To follow up on this thread, I have devised a "solution" to memoizing a 
structurally recursive function on binary trees.  However, it isn't 
pretty.

You can find my code MemoOrdBinTree.v @ 
<https://gist.github.com/roconnor/286d0f21af36c2e97e74338f10a4315b>

The construction in Coq is made more difficult (than in Agda, for example) 
due to Coq's positivity condition not accepting "Bushy Datatypes" (see 
<https://www.cs.ox.ac.uk/richard.bird/online/BirdMeertens98Nested.pdf>). 
I created a coinductive datatype based on Catalan's triangle for holding 
computed results 
<https://gist.github.com/roconnor/286d0f21af36c2e97e74338f10a4315b#file-memoordbintree-v-L111>. 
It bears some resemblance to Saizan's Agda code @ 
https://cstheory.stackexchange.com/a/40645 whereby the binary tree input 
is first preprocessed by decorating it with size information.  In my case 
the size of a binary tree is the number of internal (non-leaf) nodes of 
the tree.

After counting the number of internal nodes, the lookup function reaches 
that far into a coinductive stream of these Catalan-shaped containers 
<https://gist.github.com/roconnor/286d0f21af36c2e97e74338f10a4315b#file-memoordbintree-v-L252> 
to pick out the appropriate container that memoizes inputs of that size. 
Then it will traverse that container to find the location that holds the 
value for the particularly shaped tree of that size.

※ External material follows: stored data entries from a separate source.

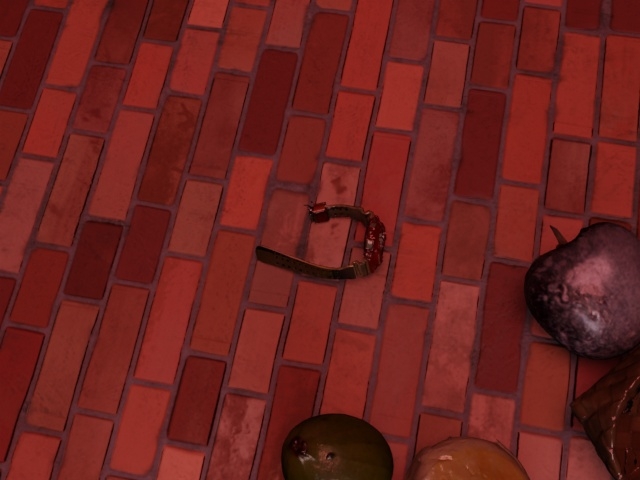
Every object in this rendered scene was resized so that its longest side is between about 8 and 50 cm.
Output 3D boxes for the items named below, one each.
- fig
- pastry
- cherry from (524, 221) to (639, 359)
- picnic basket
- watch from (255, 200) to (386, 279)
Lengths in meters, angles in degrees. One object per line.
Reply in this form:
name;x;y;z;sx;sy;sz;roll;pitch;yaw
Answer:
fig;0.022;0.421;1.680;0.203;0.225;0.203;-13;60;25
pastry;0.272;0.487;1.664;0.264;0.133;0.265;5;68;-13
cherry;0.540;0.093;1.782;0.255;0.218;0.296;-29;83;-12
picnic basket;0.673;0.334;1.600;0.337;0.337;0.293;-37;103;-11
watch;0.008;-0.003;1.923;0.268;0.102;0.165;13;63;17

The sharing across recursive calls happen because a let statement 
<https://gist.github.com/roconnor/286d0f21af36c2e97e74338f10a4315b#file-memoordbintree-v-L271> 
shares an inductive list of all recursive values of smaller sized trees 
when generating the coinductive stream all all results.

This all seems to "work".  For some example tests 
<https://gist.github.com/roconnor/286d0f21af36c2e97e74338f10a4315b#file-memoordbintree-v-L380-L383>

    Time Eval vm_compute in (memoFoldOp (fullTree 9)).
    Time Eval vm_compute in (memoFoldOp (fullTree 8)).
    Time Eval vm_compute in (memoFoldOp (fullTree 9)).
    Time Eval vm_compute in (memoFoldOp (fullTree 8)).

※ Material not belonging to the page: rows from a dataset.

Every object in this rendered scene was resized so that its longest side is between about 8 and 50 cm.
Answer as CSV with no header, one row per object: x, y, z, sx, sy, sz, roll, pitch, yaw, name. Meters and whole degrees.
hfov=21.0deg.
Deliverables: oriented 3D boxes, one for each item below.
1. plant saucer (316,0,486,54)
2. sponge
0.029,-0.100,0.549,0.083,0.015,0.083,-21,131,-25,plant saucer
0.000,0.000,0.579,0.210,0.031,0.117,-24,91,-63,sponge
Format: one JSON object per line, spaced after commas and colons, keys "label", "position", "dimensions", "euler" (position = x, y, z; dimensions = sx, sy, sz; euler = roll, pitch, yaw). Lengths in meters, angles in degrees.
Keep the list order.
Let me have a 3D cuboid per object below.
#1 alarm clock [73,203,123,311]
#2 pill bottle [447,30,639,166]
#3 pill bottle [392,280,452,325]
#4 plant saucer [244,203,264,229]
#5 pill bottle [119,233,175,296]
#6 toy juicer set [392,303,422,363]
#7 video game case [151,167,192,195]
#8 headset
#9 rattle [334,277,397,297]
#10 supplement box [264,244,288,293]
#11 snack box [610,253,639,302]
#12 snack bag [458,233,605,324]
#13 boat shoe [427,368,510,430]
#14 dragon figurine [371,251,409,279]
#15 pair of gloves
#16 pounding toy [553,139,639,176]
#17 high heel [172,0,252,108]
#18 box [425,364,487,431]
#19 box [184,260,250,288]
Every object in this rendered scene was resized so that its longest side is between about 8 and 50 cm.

the second call to (memoFoldOp (fullTree 9)) takes less time than the 
first call, while both calls to (memoFoldOp (fullTree 8)) take the same 
time, indicating the result for (memoFoldOp (fullTree 8)) was cached 
during the computation of (memoFoldOp (fullTree 9)).

Compare this to the non-recursively memoization of MemoBinTree.v @ 
<https://gist.github.com/roconnor/52375c3a81c927c5a8234be858f9830b#file-memobintree-v-L126-L129>

    Time Eval vm_compute in memoFoldOp (fullTree 12).
    Time Eval vm_compute in memoFoldOp (fullTree 11).
    Time Eval vm_compute in memoFoldOp (fullTree 12).
    Time Eval vm_compute in memoFoldOp (fullTree 11).

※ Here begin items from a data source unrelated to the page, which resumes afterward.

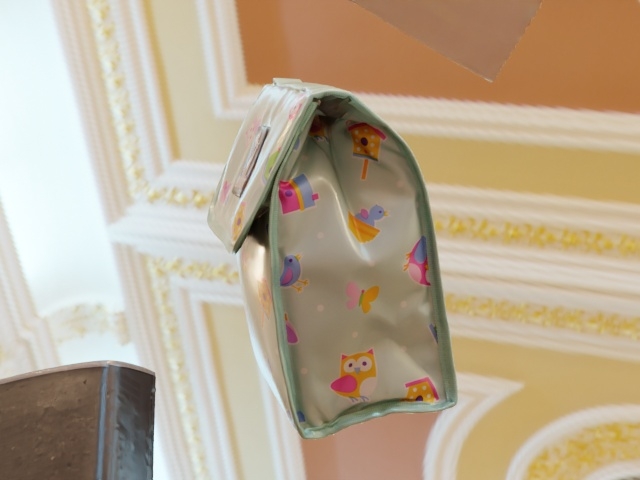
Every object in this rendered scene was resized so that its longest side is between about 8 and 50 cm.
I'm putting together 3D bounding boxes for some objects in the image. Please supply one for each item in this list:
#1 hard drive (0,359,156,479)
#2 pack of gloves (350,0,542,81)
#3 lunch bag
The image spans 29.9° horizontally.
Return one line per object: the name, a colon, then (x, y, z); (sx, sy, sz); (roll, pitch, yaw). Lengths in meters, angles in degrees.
hard drive: (-0.228, 0.170, 0.762); (0.255, 0.172, 0.054); (-19, -45, 14)
pack of gloves: (0.034, -0.217, 0.627); (0.232, 0.046, 0.195); (26, -51, -2)
lunch bag: (0.000, 0.000, 0.958); (0.160, 0.223, 0.262); (-14, -80, -9)

where the first call to (memoFoldOp (fullTree 11)) also take longer to 
evaluate because there is no sharing of results from the previous call to 
(memoFoldOp (fullTree 12)).

However, my recursive memoization solution is awful, as you may have 
guessed by the relative sizes of the example inputs between the recursive 
and non-recursive memoization functions.  My recursive memoization 
computation and lookup has so much overhead in it that it probably isn't 
practically beneficial over the non-recursive memoization.  The code uses 
function-definition-by-tactic throughout, which is never a good sign in a 
Coq development.  I suspect there are lots of places where there is 
quadratic time-complexity of evaluating arithmetic equalities down to 
refl_equal, which need to be transparent for the elimination of eq_rect 
statements used to align the dependent types used.  Perhaps with some care 
these can be reduced to linear-time complexity, but perhaps that isn't 
possible with this design.  Perhaps the recursive and non-recursive 
solutions can be composed where the non-recursive solution memoizes the 
expensive recursive computations, while the non-recursive solution 
memoizes the expensive lookup of the recursive memoization.

Overall, I think my solution is much too complex to be useful, and I'm 
hope that there is some better way to solve this.  With the non-recursive 
solution, the coinductive structure is simply traversed in accordance to 
the input tree shape, which is relatively elegant compared to my recursive 
solution involving computing sizes of trees and looking it up in a 
linearized coinductive stream of results.

The lazy Haskell solution works so well, that I'm still hoping that there 
is some way to capture the same operational qualities of it in a 
dependently typed language.

--
Russell O'Connor                                      <http://r6.ca/>
``All talk about `theft,''' the general counsel of the American Graphophone
Company wrote, ``is the merest claptrap, for there exists no property in
ideas musical, literary or artistic, except as defined by statute.''